Worried but not hurried Many of our readers tell us they are worried about Brexit but are not hurried, simply because they are not in a position to move to France in the near future.
According to Charente Immobilier, others are biding their time, waiting to see what happens. “From our discussions with them, the main concerns about Brexit lie around the exchange rate and access to healthcare,” says Charles Miller. “Their intention is to buy, but only when they know what their funds/ revenue will afford.”
Of course, the transition period may well ultimately be extended, giving people extra time to move and secure the automatic right to stay and enjoy the full benefits.
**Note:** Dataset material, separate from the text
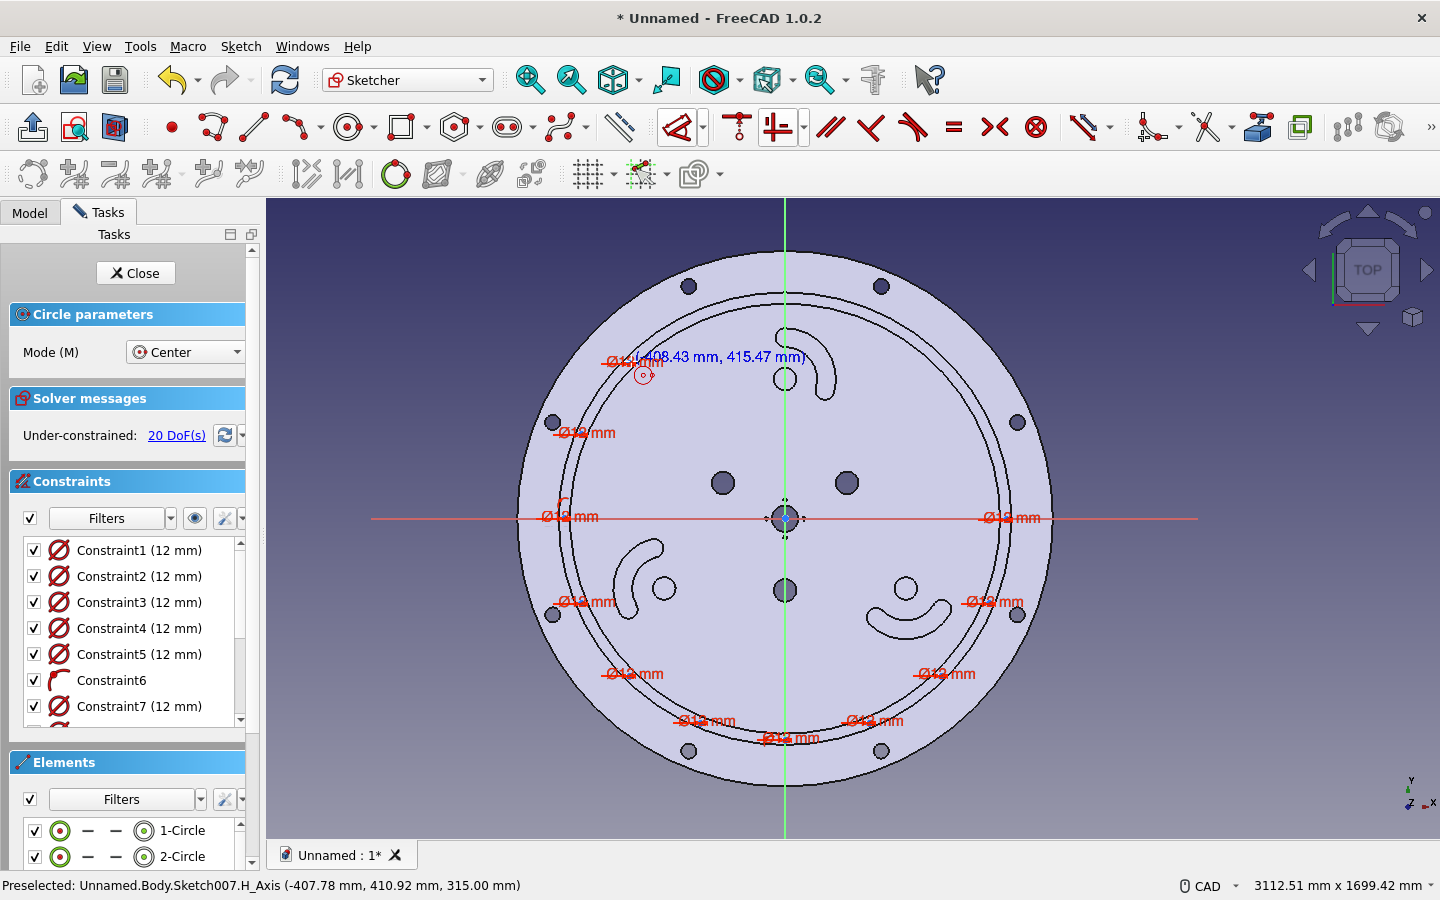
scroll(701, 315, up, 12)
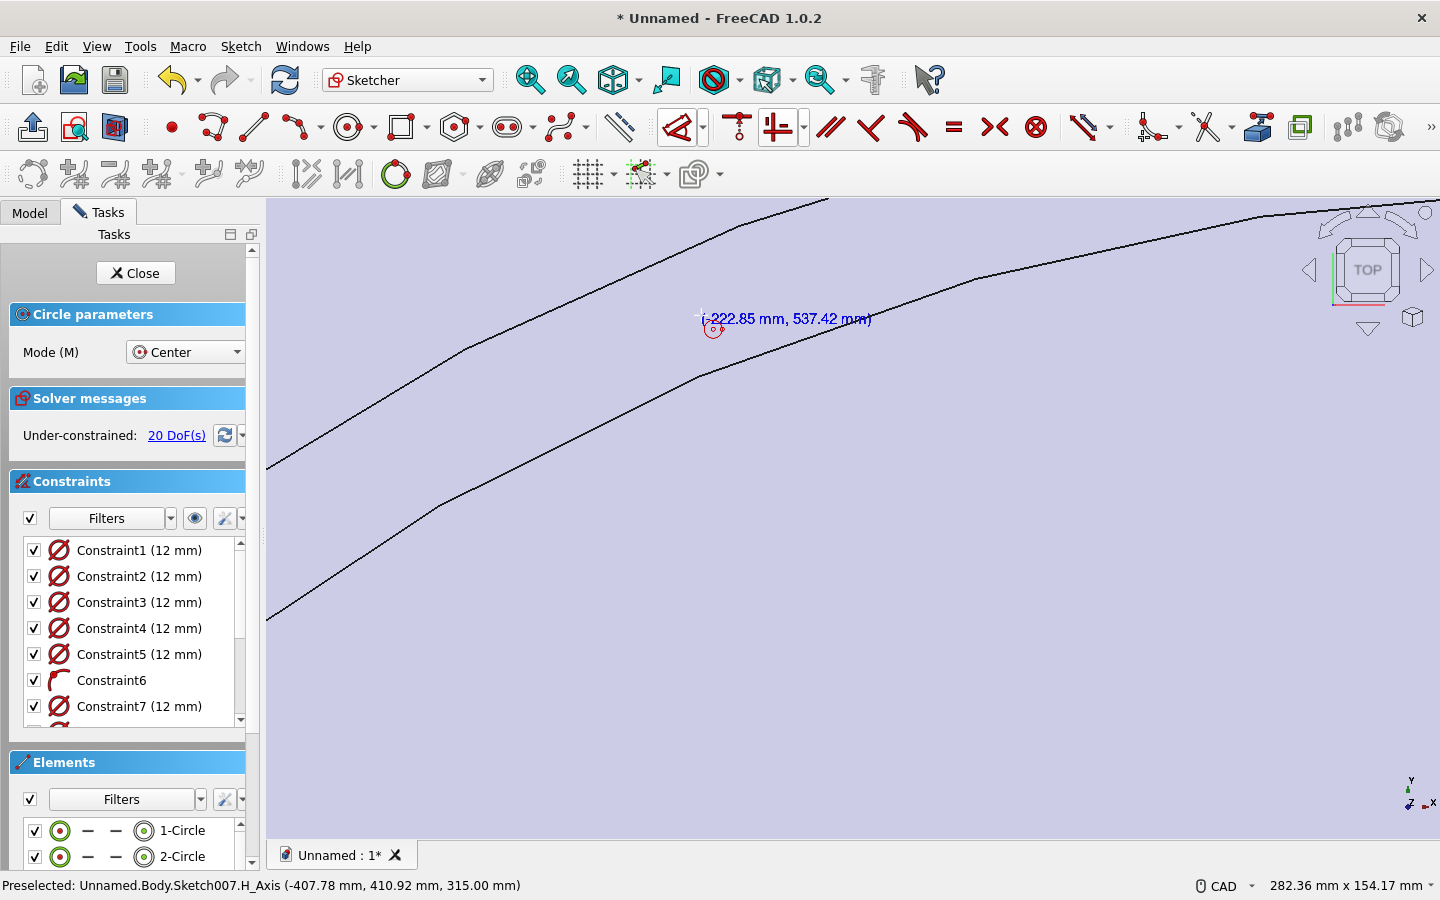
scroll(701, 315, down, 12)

But even in a worst case scenario, Britons will not be barred from relocating to France if they so wish. Blevins Franks, international tax and wealth management advisers, points out that there are almost 22 million non-eu citizens living in the EU – more than 4% of the total population. “Just as UK nationals lived in Europe before the UK joined the EU in 1973, they will continue to enjoy living in the EU after Brexit,” said business development director Jason Porter. “While living in the EU is certainly easier for Britons with today’s automatic freedom of movement, there have always been ways to reside in Europe without EU membership.”
Old favourites and new hotspots Perennial favourite Dordogne is still the most popular department with househunters searching on our market-leading website Francepropertyshop.com, and Charente has jumped in popularity to overtake Morbihan as the second favourite destination.
It’s a picture reflected by estate agents, who report that many of their buyers are seeking a home in south-west France or Brittany.
“The evergreen departments of Charente, Charente-maritime and Dordogne see continuing demand but are being challenged by the rising stars of Vienne and Lot-etGaronne,” says Julie Savill, of Beaux Villages.
Foremost Property Group has also noticed a growing interest in the Limousin, a rural central area of France encompassing the departments of Creuse, Corrèze and HauteVienne and offering some of the cheapest property in the country.
The average home in Creuse is just €55,000 while in Corrèze (which boasts no less than five Plus Beaux Villages) it’s €110,000, making it slightly more affordable than neighbouring Dordogne and Lot.
Clé Rouge Immobilier admits to “aggressively and successfully” promoting its patch of Nouvelle-aquitaine, between Bergerac and Bordeaux, where former Changing Rooms presenter Anna Ryder Richardson has bought a ruin to transform into her dream home.
“We try to focus buyers on choosing the right area before they look for properties,” says Jerry Green. “We have an amazing amount of sunshine here but not unbearable heat; the scenery is beautiful and varied, and there’s a healthy French/expat ratio – there are English-speaking people around but it’s not ‘Little Britain’.”
Customers who take out mortgages are more likely to be buying prime property on the Riviera or Alps. The Auvergne-rhône-alpes is by far the most popular region for customers of broker International Private Finance, while luxury buying agent Home Hunts has had a busy year on the Côte d’azur, Paris and Provence as well as Chamonix, Megève, Annecy and the French side of Lake Geneva.
Buyers and budgets Young couples and pensioners are among them, but the typical British buyers of property in France are still pre-retirement couples looking to buy a holiday home with a view to moving permanently in a few years’ time.